The ICC is an affront to international justice

The only surprise over the African Union’s condemnation of the International Criminal Court (ICC) in The Hague for bias is that it took so long to come. Since its inception on July 1, 2002, to prosecute perpetrators of genocide, crimes against humanity, war crimes and crimes of aggression, the court’s impartiality has come into question.

Such crimes are being committed all over the world by world powers, despots and non-state actors, yet, although the court has been the recipient of complaints from 139 states, the only ones in the dock have been individuals from African nations—the Democratic Republic of the Congo, Uganda, the Central African Republic, Sudan, Kenya, Libya, Ivory Coast and Mali.

On paper, the ICC’s goals are beyond reproach. In theory, its very existence should prove a deterrent to megalomaniacs who use extreme force to repress their own citizens so as to hold on to power or wage wars of aggression without a United Nations Security Council mandate. In practice, the court appears to be politically driven and has been accused, rightly in my opinion, of acting as a tool of western neo-imperialism.

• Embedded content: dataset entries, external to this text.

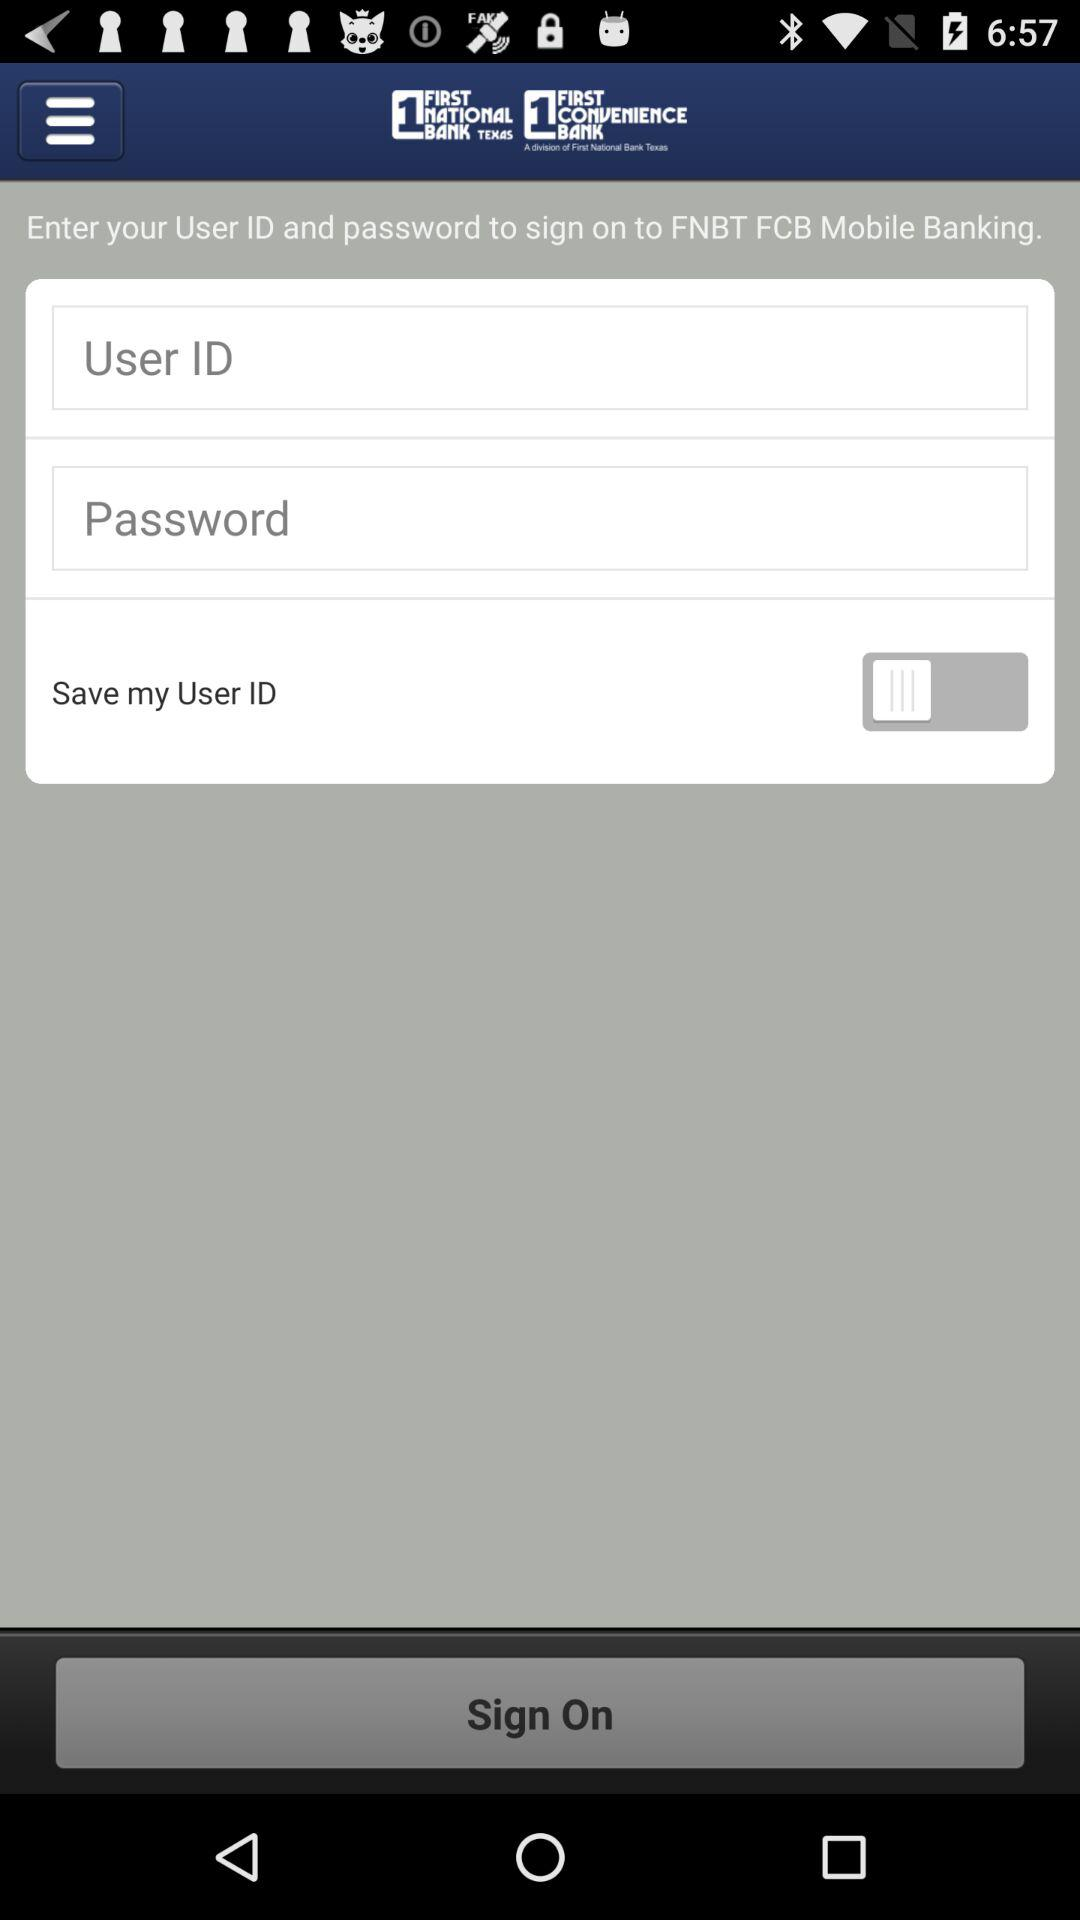What is the app name? The app name is "FNBT FCB Mobile Banking". 
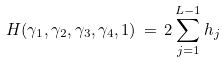<formula> <loc_0><loc_0><loc_500><loc_500>H ( \gamma _ { 1 } , \gamma _ { 2 } , \gamma _ { 3 } , \gamma _ { 4 } , 1 ) \, = \, 2 \sum _ { j = 1 } ^ { L - 1 } h _ { j }</formula> 
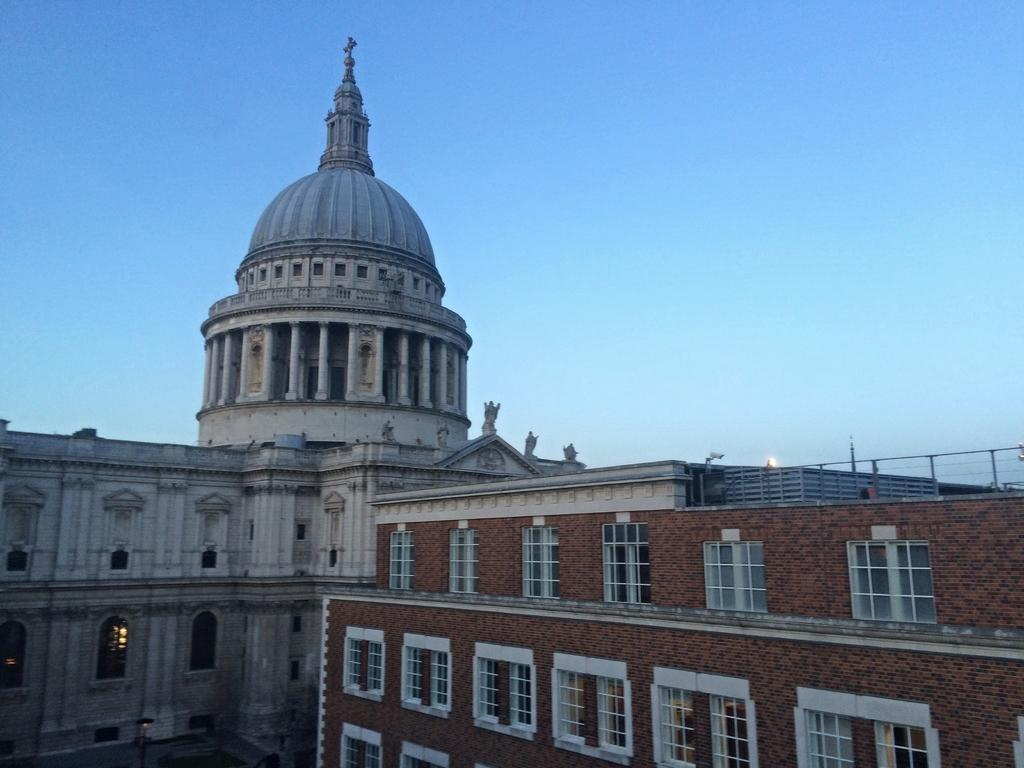What type of structure is in the image? There is a building in the image. What feature can be seen on top of the building? The building has a dome on top. What can be seen in the background of the image? The sky is visible in the background of the image. What type of skin is visible on the building in the image? There is no skin visible on the building in the image; it is a structure made of materials like brick, stone, or concrete.

The court could argue in its defence that it is hidebound when it comes to pursuing countries that have refrained from becoming signatories, such as the US, Israel, Russia, India and China, which remain outside the court’s purview because three of those nations are permanent veto-holding members of the Security Council and one, Israel, is unconditionally protected by the US just as North Korea remains under China’s wing.

You might wonder why Syrian President Bashar Al Assad isn’t a candidate for the ICC’s dock when he’s allegedly responsible for the killing of over 120,000 Syrians and is believed to have used chemical weapons.

The answer is simple. Syria is not a signatory to the court and Russia would block any such Security Council resolution by wielding its veto. Likewise, George W. Bush, whose administration’s wars resulted in over a million deaths in Iraq and Afghanistan, can sleep soundly in this regard for the duration of his life.

Immunity

This translates to de facto immunity for permanent Security Council member states, as well as those of their allies that haven’t recognised the ICC’s authority. The only other avenue through which non-signatories could be referred to the ICC is via the Security Council under Chapter VII.

So you have a situation whereby Security Council veto-holders refuse to recognise the court’s jurisdiction over their own crimes, but have the ability to refer countries that have responsibly signed up—as well as those that haven’t, such as Sudan and Libya.

Moreover, Security Council permanent member countries tend to ignore the stipulation under the ICC’s Charter that the primary venue for prosecuting war criminals is on their own soil—and the ICC is a court of last resort.

The rules of the game do, however, permit nationals of non-signatory states committing crimes in countries that have signed up to be dealt with by the ICC, but to counter this, the Bush administration used carrots and sticks to twist the arms of 102 states to sign one-sided bilateral agreements allowing immunity for US citizens; another 52 countries were lobbied/leant on but ultimately refused to bend to this grossly unfair setup.

Washington did support the Rome Treaty and ratified the international court but stepped back from the dotted line to protect US citizens, especially US forces, as well as US sovereignty from its reach. The question here is why aren’t other governments similarly concerned, in particular those of vulnerable smaller states when it’s evident that the ICC deals with small fry leaving man-eating sharks to merrily circle?

It’s taken 12 years, but Africa has finally got the message. An African Union Summit held in Ethiopia characterised the ICC as “unfair” and debated withdrawing from the court’s jurisdiction.

President Uhuru Kenyatta, whose trial at The Hague is scheduled for November on charges of crimes against humanity, said: “The ICC has been reduced into a painfully farcical pantomime, a travesty that adds insult to the injury of victims. It stopped being the home of justice the day it became the toy of declining imperial powers.” African states are urging Kenyatta, whose country is reeling from a terrorist attack, not to show up on the trial date. There was no consensus among AU delegates for the body to pull out of the ICC at this juncture but many feel that trying sitting leaders abroad undermines their authority at home, causing instability and thwarting peace and reconciliation efforts. The AU has requested a deferral of Kenyatta’s trial and has passed a resolution to the effect that no sitting African head of state should be subject to any international court.

Like the Security Council, the ICC is under the sway of nations that view themselves as exceptional with the right to dispense ‘justice’ to others although they remain safely behind an impenetrable shield by virtue of their military and economic might.

As long as might is considered right, the concept of international justice is as flawed as the court in The Hague that espouses it.